**WORK TASK**: What is needed is an exact transcription of the line containing "date: 1501-1533" and every line after it through the end of the entries below, with no pictures.
>>>
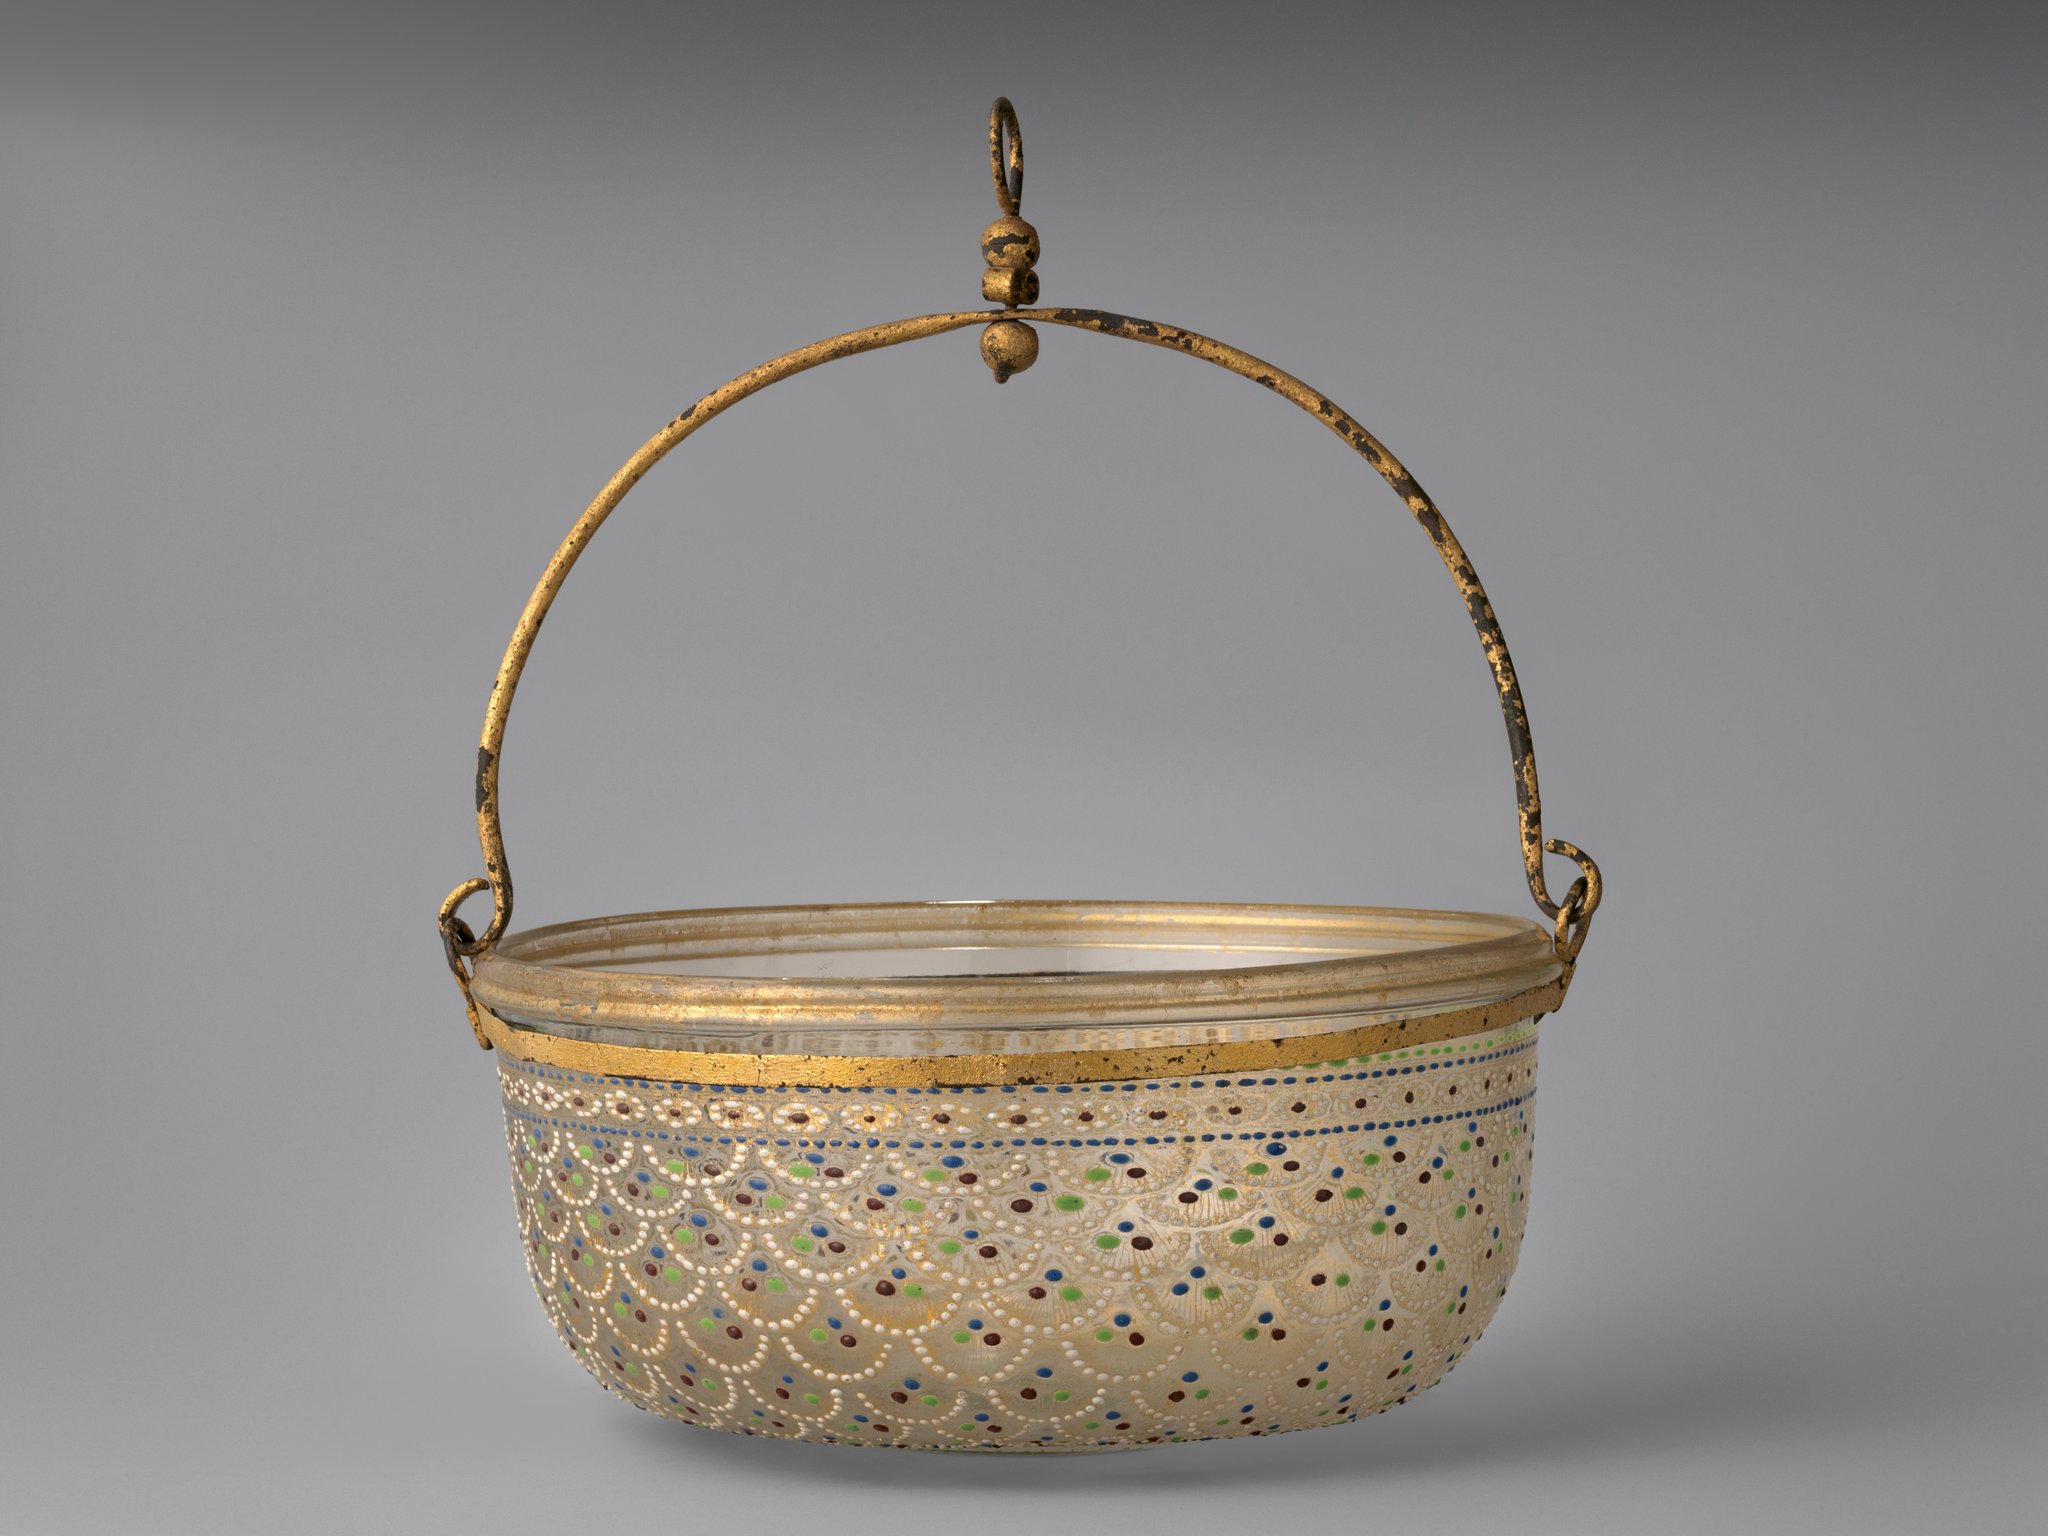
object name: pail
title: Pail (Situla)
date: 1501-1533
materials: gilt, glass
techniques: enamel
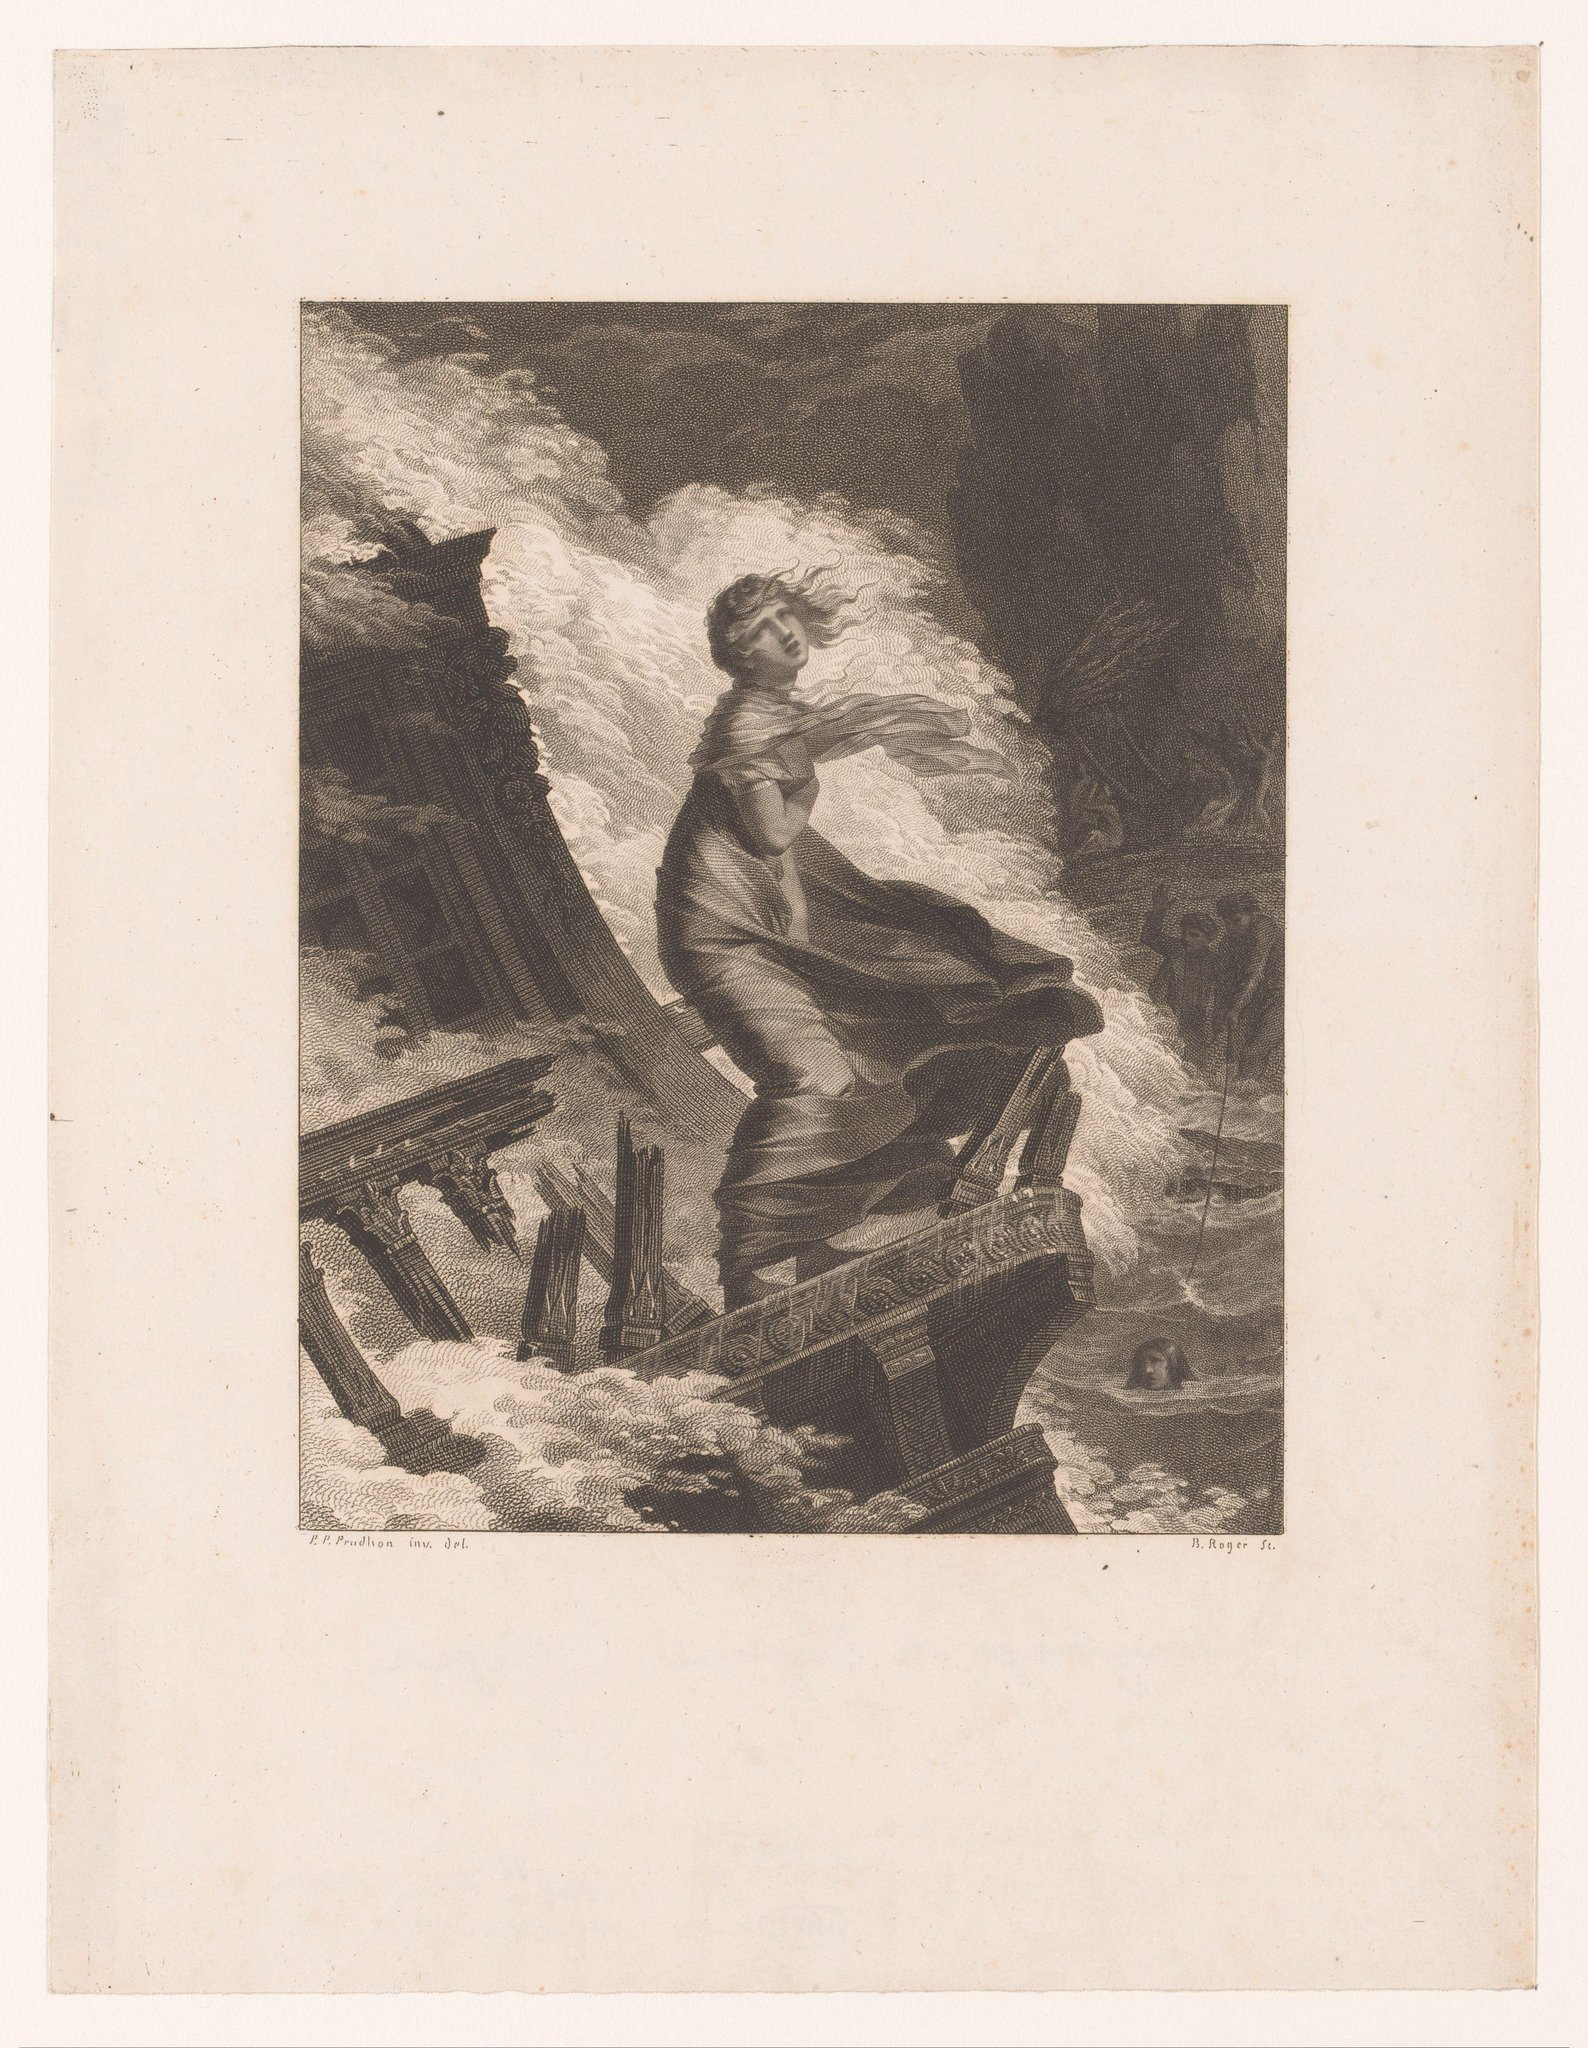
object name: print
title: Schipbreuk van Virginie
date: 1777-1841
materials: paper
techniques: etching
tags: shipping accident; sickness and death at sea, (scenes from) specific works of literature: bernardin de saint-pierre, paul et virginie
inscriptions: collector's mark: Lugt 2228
<<<
**RESPONSE TO THE EXERCISE**:
date: 1501-1533
materials: gilt, glass
techniques: enamel
object name: print
title: Schipbreuk van Virginie
date: 1777-1841
materials: paper
techniques: etching
tags: shipping accident; sickness and death at sea, (scenes from) specific works of literature: bernardin de saint-pierre, paul et virginie
inscriptions: collector's mark: Lugt 2228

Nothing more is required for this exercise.